Records shown =>
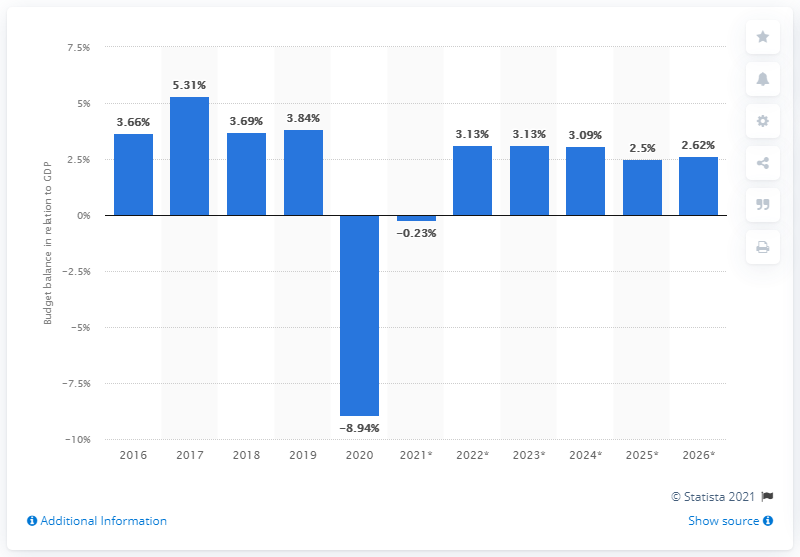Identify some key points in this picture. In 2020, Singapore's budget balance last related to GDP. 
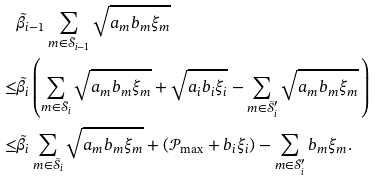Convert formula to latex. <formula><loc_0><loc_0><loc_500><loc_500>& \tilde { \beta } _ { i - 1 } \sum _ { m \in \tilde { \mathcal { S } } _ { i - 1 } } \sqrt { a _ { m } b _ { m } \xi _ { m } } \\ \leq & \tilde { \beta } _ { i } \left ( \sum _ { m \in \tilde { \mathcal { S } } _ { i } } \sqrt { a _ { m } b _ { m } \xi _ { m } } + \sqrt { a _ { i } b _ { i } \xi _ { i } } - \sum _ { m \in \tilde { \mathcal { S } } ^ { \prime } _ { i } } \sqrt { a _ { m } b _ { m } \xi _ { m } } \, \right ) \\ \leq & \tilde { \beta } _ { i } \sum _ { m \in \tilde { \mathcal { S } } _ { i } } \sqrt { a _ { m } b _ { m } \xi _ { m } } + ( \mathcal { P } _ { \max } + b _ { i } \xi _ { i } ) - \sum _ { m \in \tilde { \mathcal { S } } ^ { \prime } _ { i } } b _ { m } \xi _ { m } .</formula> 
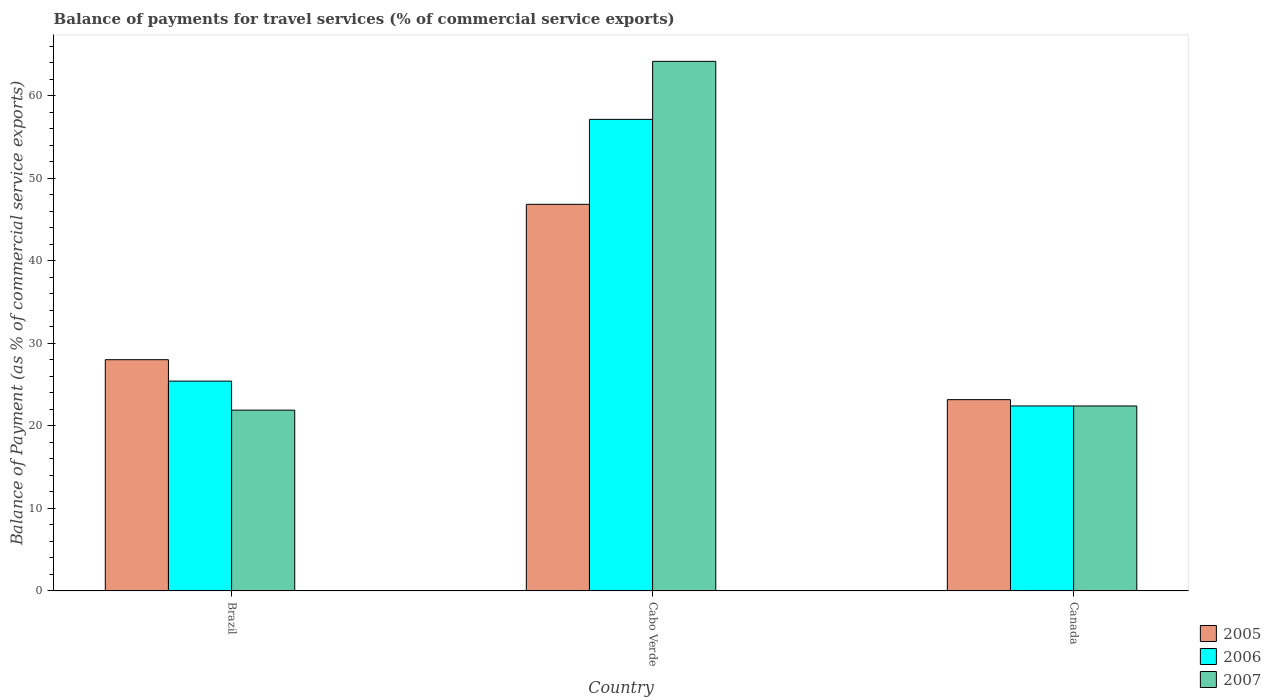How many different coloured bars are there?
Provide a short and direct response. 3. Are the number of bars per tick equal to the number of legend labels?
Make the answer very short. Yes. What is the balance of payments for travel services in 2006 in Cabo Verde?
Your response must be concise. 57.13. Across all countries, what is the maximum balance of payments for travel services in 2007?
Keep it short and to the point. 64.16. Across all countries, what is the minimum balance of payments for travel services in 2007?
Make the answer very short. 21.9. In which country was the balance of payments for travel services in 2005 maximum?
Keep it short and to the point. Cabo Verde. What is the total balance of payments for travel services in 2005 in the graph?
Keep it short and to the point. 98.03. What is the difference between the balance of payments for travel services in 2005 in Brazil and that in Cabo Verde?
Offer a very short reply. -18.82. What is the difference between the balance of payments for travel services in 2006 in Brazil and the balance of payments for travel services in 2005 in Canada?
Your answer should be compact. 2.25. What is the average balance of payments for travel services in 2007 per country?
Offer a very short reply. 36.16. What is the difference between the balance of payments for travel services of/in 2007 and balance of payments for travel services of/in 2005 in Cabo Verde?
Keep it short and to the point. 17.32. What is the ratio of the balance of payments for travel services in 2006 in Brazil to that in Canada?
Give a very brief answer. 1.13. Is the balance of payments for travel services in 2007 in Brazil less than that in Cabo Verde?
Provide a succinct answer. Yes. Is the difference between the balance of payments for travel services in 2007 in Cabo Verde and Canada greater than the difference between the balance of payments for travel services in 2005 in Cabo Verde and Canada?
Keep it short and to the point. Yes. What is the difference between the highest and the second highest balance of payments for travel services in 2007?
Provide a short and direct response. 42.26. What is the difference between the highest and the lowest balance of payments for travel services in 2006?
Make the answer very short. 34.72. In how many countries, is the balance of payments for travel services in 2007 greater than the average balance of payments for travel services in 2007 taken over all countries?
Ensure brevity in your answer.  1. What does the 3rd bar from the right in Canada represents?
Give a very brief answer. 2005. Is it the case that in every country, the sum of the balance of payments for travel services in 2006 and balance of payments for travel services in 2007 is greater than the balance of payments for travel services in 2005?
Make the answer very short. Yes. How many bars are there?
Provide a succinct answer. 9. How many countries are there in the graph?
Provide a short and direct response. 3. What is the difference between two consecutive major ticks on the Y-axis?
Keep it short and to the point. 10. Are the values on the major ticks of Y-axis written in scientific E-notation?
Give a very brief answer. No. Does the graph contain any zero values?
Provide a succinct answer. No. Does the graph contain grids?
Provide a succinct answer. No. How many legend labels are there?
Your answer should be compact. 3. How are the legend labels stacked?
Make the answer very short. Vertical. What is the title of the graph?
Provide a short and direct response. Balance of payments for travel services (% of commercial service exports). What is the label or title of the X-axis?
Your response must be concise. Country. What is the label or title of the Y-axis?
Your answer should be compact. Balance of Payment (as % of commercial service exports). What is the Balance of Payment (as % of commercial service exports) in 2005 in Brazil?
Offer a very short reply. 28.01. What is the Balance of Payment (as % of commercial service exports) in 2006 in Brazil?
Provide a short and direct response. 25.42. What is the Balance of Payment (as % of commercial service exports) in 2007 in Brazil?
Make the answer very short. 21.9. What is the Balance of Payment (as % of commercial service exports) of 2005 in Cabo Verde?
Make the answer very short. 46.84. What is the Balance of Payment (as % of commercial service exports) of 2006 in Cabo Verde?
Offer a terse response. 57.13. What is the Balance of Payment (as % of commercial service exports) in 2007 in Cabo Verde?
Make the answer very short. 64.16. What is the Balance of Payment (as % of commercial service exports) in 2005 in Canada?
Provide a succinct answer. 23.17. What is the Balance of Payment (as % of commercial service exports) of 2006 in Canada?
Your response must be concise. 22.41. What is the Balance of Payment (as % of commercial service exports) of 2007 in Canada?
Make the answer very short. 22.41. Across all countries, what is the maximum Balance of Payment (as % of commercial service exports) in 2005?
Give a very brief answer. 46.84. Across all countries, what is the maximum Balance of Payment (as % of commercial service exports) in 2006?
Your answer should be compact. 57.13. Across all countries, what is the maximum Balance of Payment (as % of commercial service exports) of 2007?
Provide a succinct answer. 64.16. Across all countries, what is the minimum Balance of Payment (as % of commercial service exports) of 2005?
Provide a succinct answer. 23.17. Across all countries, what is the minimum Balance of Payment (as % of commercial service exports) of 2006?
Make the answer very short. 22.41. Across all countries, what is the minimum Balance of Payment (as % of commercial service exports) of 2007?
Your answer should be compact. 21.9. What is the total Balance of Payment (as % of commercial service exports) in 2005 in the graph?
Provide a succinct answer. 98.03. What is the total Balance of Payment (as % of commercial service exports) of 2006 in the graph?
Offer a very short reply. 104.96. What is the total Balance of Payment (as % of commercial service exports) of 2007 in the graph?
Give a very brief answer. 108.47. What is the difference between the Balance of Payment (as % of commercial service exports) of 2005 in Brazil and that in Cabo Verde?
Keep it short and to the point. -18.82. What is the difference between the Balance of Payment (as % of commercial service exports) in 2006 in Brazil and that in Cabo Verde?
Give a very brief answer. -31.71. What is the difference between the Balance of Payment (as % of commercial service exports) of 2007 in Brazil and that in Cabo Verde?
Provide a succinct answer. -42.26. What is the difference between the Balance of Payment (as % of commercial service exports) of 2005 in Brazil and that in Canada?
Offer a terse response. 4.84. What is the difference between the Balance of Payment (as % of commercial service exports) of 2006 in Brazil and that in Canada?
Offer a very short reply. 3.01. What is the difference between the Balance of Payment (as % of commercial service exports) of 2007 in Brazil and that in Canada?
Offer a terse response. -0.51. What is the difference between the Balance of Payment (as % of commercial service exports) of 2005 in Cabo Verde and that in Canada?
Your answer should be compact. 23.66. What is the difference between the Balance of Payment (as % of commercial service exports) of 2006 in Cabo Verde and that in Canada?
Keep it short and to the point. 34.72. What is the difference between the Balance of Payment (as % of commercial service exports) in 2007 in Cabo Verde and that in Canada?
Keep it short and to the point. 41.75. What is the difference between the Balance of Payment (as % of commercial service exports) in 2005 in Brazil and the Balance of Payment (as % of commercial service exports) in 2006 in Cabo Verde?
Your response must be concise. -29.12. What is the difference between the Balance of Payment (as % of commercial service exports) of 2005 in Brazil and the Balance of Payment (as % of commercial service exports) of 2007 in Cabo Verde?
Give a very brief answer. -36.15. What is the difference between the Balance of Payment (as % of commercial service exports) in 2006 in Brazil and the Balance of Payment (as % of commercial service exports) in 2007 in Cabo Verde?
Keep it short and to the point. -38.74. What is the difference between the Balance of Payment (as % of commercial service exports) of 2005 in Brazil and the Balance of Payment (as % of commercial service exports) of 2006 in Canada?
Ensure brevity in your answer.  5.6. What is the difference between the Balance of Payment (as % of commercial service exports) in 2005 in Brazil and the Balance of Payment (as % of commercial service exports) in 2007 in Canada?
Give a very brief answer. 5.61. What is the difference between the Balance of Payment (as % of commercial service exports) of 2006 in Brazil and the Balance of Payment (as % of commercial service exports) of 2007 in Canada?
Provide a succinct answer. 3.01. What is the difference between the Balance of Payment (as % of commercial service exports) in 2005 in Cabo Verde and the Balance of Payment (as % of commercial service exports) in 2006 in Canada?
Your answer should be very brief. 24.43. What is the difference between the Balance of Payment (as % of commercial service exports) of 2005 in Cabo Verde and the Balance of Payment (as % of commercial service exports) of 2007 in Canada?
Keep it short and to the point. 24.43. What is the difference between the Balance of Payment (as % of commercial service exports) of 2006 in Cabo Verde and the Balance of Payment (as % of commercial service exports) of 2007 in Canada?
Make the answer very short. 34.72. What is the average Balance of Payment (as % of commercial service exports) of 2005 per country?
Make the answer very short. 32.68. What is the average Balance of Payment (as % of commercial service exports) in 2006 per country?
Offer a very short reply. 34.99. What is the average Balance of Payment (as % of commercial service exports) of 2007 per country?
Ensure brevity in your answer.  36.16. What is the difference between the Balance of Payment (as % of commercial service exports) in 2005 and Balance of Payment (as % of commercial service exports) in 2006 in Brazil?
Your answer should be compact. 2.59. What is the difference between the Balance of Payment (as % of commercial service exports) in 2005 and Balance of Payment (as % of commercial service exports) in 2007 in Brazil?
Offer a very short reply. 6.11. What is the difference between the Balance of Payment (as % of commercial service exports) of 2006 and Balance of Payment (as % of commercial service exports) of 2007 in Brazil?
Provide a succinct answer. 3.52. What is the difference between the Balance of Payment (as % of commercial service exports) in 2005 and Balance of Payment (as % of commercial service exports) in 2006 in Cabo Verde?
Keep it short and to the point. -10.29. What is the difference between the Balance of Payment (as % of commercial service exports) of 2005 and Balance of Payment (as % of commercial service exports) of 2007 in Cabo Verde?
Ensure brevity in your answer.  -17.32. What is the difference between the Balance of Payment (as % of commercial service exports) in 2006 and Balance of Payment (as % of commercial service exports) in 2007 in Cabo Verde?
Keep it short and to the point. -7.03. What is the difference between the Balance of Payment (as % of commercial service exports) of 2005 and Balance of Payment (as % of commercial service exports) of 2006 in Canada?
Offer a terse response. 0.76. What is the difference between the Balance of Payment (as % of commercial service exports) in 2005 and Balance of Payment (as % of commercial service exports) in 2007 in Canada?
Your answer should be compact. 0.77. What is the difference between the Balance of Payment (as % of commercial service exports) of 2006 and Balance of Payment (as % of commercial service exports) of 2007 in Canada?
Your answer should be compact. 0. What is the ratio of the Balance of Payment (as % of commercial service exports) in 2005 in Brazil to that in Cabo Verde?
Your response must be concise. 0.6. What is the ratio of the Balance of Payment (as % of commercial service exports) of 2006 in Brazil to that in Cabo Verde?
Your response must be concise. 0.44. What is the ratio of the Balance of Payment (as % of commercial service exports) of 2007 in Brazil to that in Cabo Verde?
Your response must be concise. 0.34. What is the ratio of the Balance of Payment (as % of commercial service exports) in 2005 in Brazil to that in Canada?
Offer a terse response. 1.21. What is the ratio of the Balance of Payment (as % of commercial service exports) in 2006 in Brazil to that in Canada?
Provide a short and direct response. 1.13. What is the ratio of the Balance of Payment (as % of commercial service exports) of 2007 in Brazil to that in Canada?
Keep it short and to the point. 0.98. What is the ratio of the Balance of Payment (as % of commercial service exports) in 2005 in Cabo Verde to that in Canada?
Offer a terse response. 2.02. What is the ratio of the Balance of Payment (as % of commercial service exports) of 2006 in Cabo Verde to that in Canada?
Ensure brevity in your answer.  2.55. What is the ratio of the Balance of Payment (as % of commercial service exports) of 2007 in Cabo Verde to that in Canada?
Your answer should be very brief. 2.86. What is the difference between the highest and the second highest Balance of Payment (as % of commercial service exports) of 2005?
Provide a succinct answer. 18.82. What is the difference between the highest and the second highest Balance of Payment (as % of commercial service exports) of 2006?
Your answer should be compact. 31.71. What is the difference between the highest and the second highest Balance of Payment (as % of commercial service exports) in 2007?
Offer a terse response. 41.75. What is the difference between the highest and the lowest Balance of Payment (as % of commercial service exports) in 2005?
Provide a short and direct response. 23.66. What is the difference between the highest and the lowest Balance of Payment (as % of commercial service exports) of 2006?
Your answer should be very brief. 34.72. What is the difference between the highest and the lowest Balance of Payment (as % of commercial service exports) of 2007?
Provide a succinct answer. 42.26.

* * *

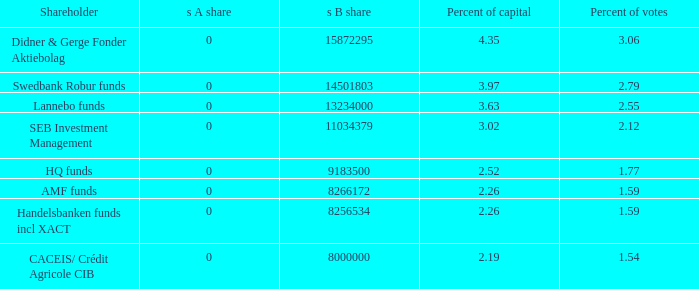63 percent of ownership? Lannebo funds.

--

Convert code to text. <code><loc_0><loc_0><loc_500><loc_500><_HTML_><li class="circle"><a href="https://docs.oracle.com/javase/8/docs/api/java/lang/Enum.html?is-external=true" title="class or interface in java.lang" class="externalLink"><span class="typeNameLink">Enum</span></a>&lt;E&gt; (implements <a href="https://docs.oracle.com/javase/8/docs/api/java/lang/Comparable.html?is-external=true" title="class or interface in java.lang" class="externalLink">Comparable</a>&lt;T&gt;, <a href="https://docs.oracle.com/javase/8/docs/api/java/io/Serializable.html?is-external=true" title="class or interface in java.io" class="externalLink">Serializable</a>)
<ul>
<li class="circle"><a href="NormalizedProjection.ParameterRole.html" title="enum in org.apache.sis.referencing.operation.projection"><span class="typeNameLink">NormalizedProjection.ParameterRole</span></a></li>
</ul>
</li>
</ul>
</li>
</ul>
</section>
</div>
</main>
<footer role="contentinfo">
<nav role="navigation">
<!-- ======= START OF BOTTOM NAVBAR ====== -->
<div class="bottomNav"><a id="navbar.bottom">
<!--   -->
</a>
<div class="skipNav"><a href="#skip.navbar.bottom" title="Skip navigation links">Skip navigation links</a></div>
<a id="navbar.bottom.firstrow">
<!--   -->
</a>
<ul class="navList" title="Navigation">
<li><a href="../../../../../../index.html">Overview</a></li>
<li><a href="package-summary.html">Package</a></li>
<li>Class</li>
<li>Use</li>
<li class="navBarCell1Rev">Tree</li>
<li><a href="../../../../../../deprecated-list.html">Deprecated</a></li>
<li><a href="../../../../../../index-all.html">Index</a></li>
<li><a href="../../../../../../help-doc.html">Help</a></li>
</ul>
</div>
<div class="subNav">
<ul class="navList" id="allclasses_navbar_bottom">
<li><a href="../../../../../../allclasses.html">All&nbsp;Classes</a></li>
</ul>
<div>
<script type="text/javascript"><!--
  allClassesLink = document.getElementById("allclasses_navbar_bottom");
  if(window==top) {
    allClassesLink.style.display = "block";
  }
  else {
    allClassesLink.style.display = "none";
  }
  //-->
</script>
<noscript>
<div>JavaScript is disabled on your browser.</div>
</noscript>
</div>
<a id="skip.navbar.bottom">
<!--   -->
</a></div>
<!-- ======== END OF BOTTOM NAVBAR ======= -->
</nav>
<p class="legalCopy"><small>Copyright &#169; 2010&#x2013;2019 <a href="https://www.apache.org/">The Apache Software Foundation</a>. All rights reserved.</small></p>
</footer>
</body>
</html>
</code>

Action item => Your answer should be the lines of the listing above between the line holding "Provide a short and direct response. 3. What" and the line holding "Give a very brief answer. No.", inclusive, restated word for word and alone.

Output of the task =>
Provide a short and direct response. 3. What is the difference between two consecutive major ticks on the Y-axis?
Keep it short and to the point. 10. Are the values on the major ticks of Y-axis written in scientific E-notation?
Give a very brief answer. No. Does the graph contain any zero values?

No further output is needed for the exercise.